- **PROBLEM TO WORK ON**
Starting at the line that has "Report a 3D" and stopping after the line that has "3) person [1640,116,1753,400]", reproduce the listing below exactly; omit everything else.
####################
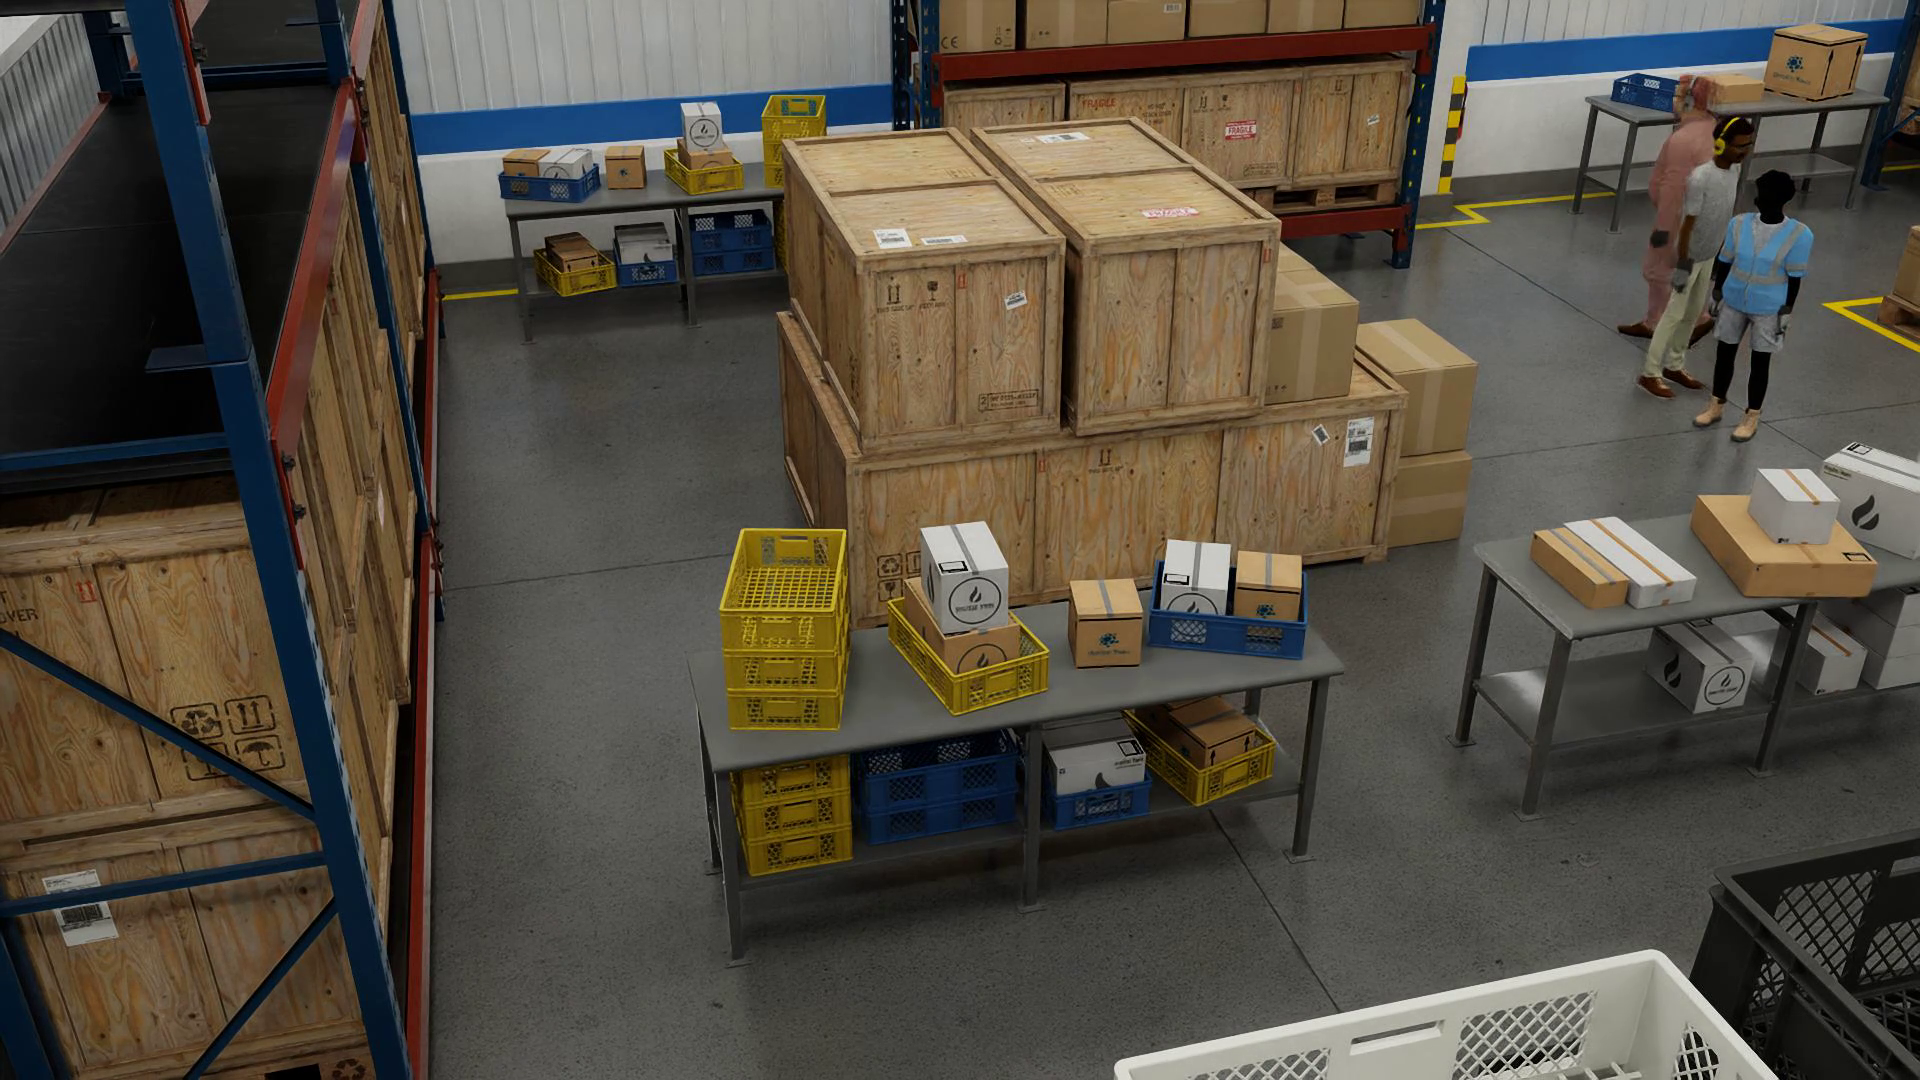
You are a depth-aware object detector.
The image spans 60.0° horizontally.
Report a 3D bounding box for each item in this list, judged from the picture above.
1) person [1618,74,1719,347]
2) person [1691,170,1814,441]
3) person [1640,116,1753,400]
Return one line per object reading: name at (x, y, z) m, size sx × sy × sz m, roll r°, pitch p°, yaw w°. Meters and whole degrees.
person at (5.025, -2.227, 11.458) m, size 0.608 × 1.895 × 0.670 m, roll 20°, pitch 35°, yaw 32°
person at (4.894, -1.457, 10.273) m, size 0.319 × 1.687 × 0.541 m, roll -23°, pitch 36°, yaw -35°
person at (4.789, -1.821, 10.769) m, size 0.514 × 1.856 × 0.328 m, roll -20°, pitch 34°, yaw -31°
####################
- **ANSWER SECTION**
Report a 3D bounding box for each item in this list, judged from the picture above.
1) person [1618,74,1719,347]
2) person [1691,170,1814,441]
3) person [1640,116,1753,400]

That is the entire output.